• **Exercise objective**
In the data below, the answer is the run of lines from the line containing "table_cell 22.2 [401, 1535, 519, 1597]" through the line containing "table_cell 19.3 [401, 1285, 519, 1347]", both included; print it exactly and nothing else.
※ ※ ※
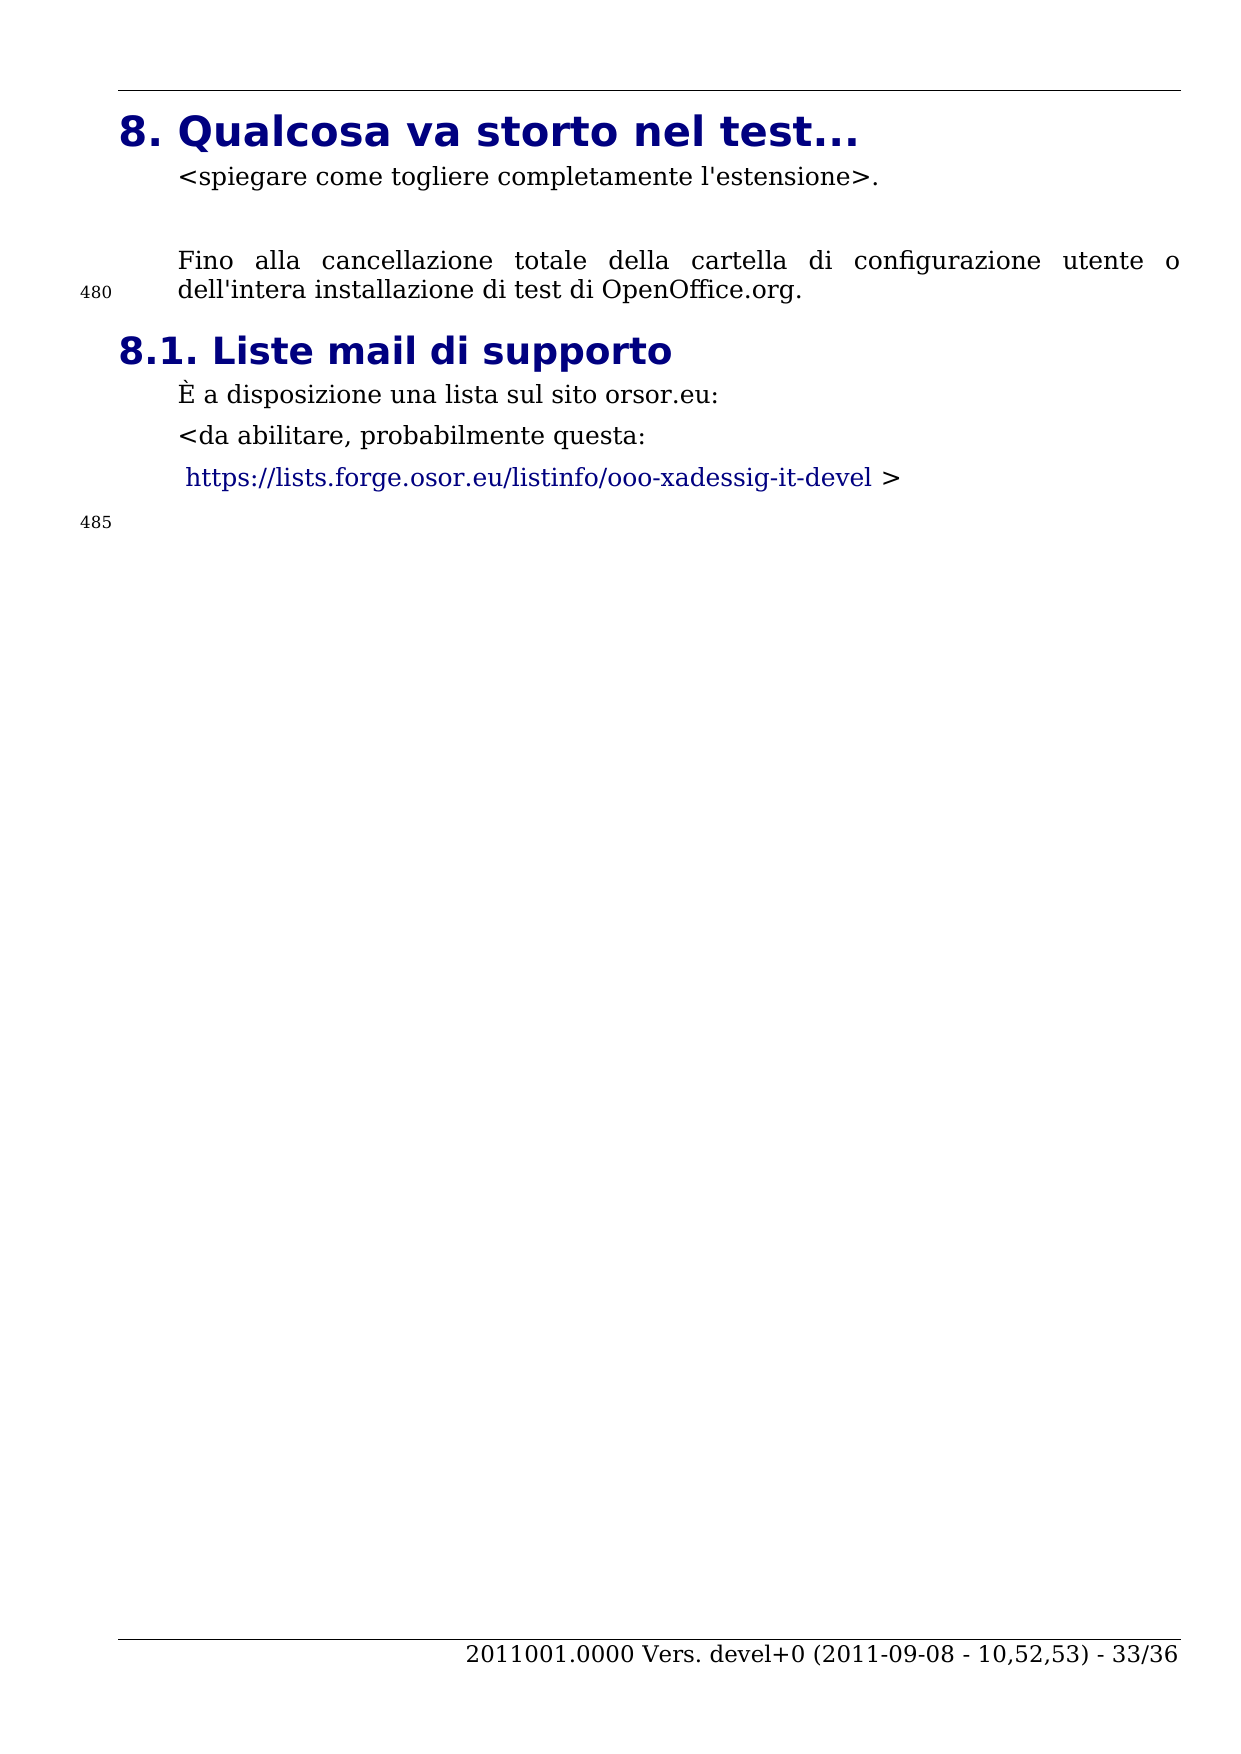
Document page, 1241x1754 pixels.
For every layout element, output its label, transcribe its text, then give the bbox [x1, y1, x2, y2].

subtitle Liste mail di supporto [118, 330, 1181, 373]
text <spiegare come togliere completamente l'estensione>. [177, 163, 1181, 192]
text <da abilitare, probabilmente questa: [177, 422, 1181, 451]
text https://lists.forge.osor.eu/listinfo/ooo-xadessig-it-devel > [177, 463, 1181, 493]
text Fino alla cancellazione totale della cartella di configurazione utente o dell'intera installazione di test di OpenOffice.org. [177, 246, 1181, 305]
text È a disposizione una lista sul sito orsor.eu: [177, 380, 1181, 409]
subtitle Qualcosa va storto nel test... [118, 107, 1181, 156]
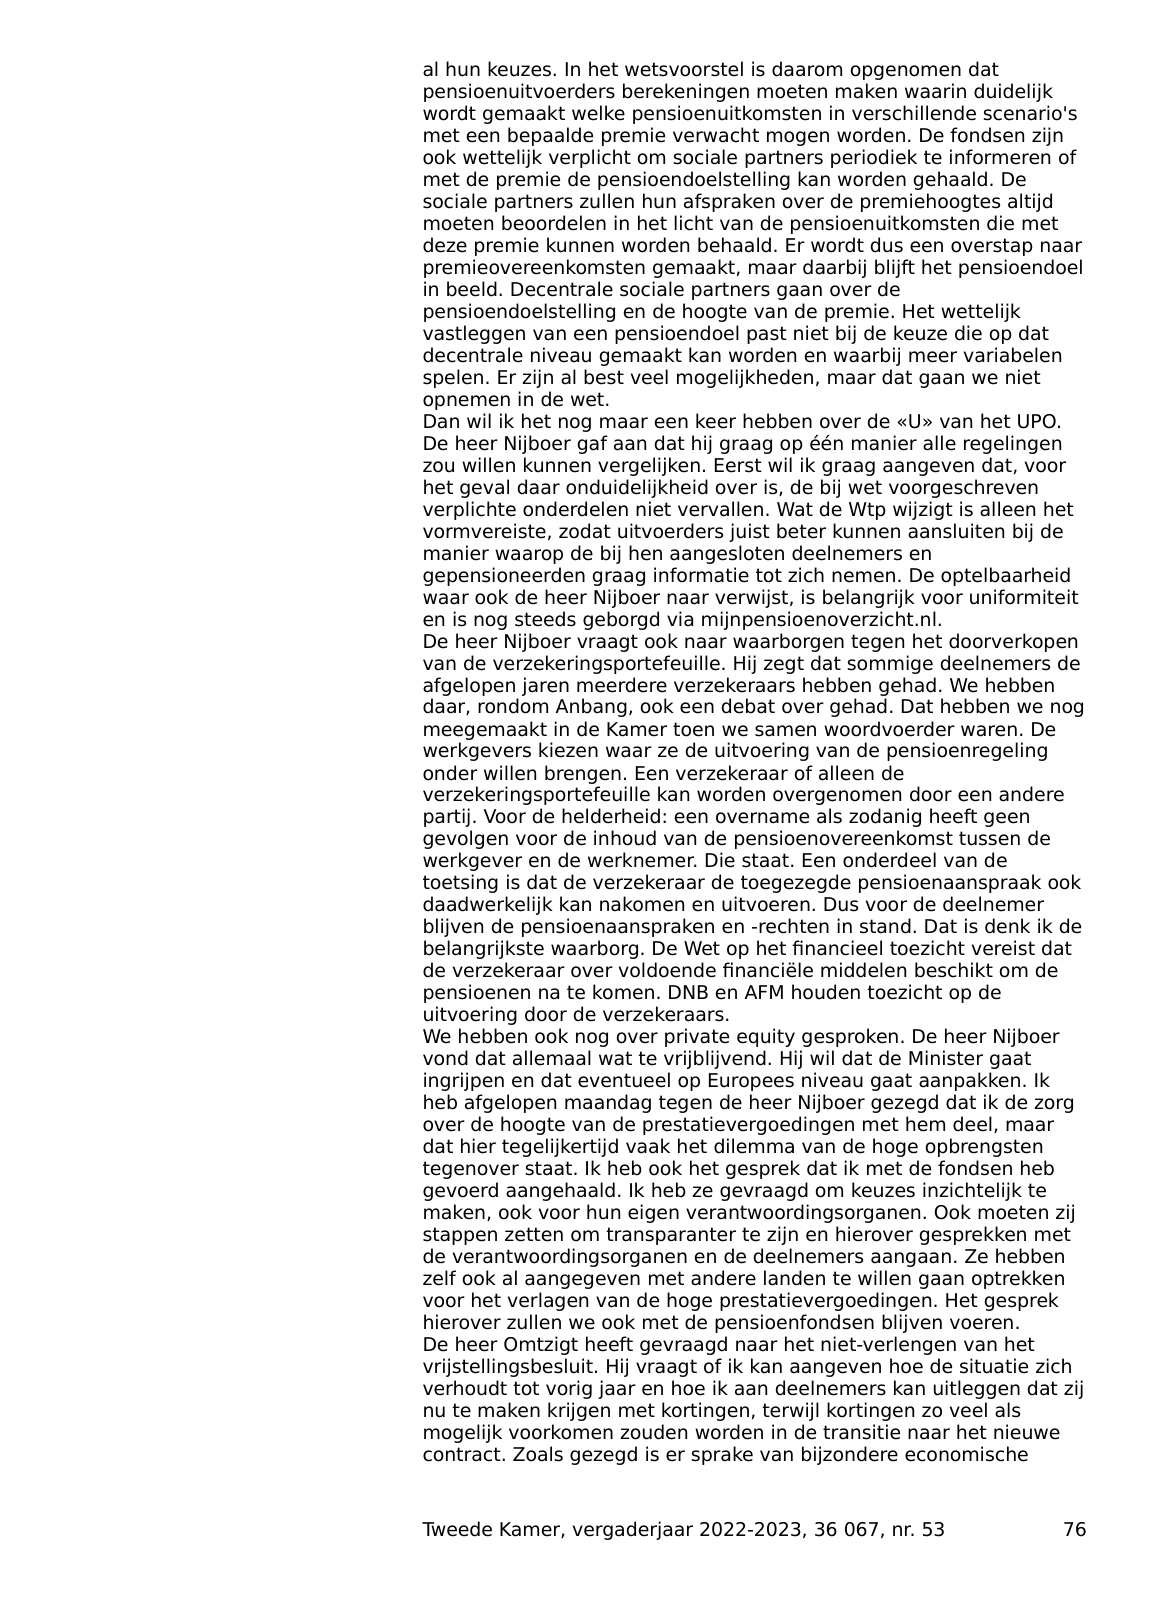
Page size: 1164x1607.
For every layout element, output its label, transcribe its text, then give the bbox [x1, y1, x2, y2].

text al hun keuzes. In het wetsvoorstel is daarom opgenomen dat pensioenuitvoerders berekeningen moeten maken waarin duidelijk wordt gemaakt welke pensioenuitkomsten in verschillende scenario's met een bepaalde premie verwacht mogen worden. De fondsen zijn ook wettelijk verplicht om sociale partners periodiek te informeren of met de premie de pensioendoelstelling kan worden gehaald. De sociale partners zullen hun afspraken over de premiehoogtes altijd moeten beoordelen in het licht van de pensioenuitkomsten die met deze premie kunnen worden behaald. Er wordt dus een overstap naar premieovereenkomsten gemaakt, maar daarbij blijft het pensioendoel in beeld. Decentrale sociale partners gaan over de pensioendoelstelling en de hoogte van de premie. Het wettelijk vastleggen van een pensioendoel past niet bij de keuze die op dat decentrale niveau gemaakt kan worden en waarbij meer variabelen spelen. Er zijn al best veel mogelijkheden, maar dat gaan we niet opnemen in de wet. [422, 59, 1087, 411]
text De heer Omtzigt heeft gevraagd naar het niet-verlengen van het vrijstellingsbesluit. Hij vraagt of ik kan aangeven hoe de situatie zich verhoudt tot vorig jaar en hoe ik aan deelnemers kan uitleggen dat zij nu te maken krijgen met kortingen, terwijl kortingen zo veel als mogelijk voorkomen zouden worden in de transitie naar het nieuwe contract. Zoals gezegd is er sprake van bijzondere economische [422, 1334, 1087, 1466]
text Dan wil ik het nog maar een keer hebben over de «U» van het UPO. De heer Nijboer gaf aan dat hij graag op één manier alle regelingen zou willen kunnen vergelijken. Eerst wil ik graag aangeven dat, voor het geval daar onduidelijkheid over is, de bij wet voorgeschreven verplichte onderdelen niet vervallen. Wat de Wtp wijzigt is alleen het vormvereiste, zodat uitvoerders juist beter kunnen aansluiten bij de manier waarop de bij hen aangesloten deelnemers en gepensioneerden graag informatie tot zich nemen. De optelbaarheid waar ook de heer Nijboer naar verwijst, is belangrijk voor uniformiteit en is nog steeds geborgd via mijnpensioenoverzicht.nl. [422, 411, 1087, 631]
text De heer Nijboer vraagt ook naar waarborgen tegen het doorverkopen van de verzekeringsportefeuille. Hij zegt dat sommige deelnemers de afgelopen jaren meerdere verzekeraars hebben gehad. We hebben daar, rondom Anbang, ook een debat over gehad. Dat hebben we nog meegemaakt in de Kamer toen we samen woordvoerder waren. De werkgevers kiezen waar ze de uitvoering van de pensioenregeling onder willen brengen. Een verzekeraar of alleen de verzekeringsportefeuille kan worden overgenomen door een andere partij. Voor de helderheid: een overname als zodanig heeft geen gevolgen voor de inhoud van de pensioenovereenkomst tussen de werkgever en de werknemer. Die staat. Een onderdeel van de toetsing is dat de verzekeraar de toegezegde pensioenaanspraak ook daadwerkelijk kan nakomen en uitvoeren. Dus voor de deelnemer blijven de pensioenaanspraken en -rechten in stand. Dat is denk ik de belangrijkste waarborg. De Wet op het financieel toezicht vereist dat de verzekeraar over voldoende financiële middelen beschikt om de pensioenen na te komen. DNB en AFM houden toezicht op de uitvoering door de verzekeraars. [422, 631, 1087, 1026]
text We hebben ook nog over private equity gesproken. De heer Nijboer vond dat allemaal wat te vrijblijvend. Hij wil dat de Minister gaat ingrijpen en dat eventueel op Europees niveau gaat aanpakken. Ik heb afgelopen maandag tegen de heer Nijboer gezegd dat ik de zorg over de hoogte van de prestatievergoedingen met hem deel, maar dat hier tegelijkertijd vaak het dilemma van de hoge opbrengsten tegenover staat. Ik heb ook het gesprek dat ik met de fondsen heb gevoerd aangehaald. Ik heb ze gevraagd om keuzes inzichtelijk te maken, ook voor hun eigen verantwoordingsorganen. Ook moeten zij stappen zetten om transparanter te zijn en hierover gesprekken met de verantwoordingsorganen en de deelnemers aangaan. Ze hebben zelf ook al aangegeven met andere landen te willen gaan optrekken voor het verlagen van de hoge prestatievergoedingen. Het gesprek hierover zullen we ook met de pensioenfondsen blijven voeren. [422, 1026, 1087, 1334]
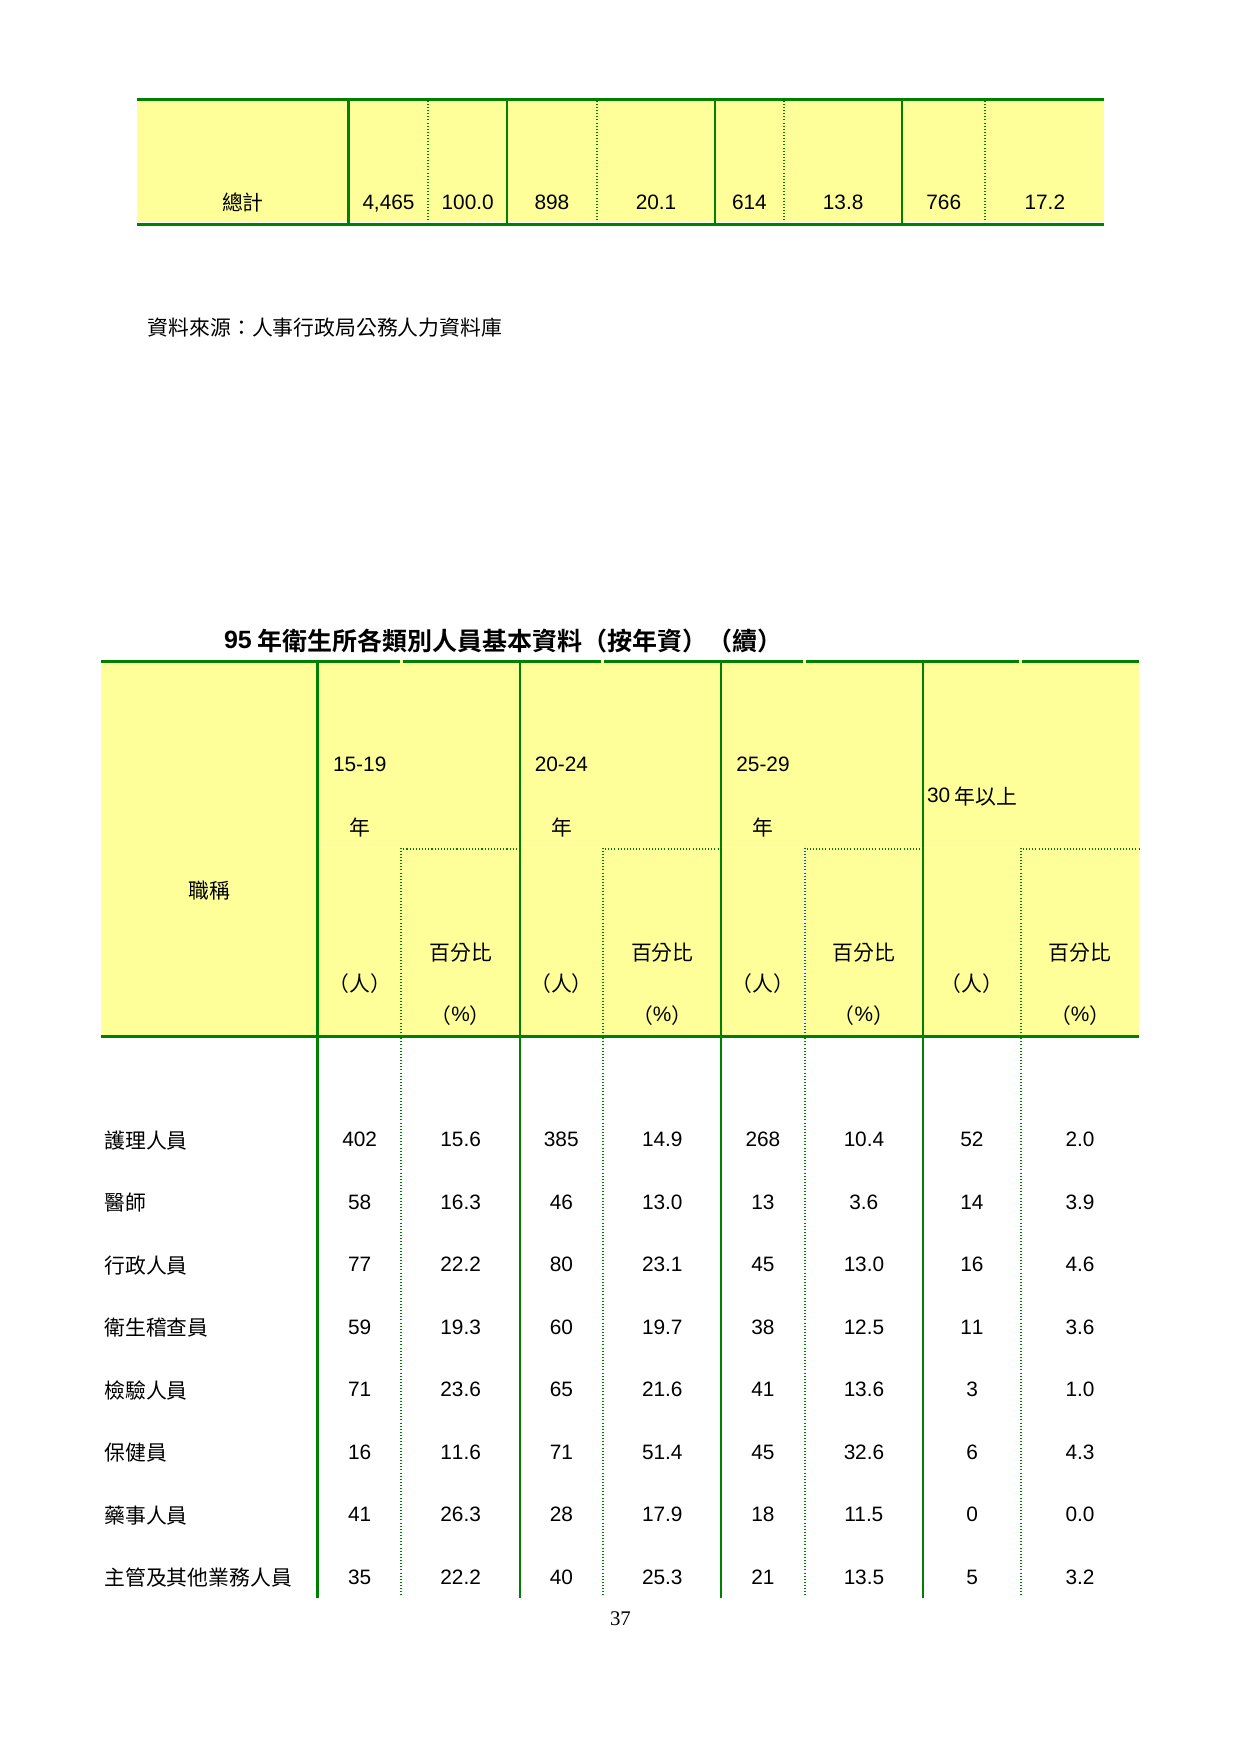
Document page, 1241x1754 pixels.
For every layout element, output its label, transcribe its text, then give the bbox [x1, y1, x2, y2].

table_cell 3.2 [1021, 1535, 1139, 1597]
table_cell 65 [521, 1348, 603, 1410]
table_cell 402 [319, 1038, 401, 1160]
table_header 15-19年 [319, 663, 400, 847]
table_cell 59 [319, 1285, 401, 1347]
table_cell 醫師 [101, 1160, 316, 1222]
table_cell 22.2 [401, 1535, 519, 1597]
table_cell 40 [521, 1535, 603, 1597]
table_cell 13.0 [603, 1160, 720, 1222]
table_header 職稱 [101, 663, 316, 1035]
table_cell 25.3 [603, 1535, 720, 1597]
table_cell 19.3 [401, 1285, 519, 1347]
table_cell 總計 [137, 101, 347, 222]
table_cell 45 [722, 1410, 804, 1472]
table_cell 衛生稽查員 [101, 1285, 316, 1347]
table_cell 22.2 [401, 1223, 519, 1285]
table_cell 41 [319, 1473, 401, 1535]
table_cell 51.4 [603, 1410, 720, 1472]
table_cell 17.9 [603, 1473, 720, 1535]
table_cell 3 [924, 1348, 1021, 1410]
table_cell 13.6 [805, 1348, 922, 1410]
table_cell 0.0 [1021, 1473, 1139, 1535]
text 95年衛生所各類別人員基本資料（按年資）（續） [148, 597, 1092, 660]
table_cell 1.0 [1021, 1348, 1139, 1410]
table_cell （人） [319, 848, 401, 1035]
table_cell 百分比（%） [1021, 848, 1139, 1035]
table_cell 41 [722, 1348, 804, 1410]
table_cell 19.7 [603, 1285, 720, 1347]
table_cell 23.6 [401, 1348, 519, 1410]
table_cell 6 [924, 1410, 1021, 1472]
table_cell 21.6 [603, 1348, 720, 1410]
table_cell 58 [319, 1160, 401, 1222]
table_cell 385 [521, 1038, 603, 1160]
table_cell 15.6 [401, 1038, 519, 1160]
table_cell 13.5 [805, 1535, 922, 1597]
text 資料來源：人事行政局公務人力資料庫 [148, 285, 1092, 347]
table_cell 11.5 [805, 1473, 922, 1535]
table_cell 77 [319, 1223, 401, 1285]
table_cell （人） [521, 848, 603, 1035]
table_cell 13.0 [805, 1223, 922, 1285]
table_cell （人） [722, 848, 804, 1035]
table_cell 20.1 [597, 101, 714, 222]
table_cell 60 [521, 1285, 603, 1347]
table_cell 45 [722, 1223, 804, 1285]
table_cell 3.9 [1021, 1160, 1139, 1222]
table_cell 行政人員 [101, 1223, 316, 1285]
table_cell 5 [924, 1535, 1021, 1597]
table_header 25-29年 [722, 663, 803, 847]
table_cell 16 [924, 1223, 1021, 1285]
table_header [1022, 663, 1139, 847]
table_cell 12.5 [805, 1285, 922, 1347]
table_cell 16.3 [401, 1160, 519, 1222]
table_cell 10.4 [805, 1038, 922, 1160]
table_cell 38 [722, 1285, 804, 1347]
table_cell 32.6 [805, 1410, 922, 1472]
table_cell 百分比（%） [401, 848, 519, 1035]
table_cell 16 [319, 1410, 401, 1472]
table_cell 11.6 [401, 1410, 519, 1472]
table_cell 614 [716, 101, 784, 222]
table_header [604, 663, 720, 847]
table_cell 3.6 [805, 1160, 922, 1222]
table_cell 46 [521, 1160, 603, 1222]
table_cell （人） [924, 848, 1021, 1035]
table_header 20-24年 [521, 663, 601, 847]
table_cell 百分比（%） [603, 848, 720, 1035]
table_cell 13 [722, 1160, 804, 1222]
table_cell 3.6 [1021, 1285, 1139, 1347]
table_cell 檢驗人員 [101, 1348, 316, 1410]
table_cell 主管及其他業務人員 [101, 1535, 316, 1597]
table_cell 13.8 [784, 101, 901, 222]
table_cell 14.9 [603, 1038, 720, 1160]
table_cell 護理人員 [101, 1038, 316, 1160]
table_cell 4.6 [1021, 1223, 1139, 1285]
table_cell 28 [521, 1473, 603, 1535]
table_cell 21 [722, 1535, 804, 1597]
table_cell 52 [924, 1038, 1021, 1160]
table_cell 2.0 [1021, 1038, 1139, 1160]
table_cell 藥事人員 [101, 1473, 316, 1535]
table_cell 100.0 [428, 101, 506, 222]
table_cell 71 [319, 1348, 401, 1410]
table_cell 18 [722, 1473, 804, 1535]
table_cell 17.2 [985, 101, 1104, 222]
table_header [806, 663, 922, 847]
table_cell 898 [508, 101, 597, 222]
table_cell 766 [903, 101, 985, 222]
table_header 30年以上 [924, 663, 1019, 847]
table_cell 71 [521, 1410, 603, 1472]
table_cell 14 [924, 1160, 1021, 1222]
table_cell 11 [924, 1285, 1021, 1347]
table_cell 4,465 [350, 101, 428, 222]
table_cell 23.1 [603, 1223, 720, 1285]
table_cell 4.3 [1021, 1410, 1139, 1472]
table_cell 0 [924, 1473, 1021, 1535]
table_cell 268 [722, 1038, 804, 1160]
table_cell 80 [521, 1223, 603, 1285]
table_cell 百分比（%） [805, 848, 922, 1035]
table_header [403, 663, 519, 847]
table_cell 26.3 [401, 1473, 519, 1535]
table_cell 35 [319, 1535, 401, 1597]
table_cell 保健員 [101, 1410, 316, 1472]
※ ※ ※
• **Response for this exercise**
table_cell 22.2 [401, 1535, 519, 1597]
table_cell 40 [521, 1535, 603, 1597]
table_cell 13.0 [603, 1160, 720, 1222]
table_header 職稱 [101, 663, 316, 1035]
table_cell 25.3 [603, 1535, 720, 1597]
table_cell 19.3 [401, 1285, 519, 1347]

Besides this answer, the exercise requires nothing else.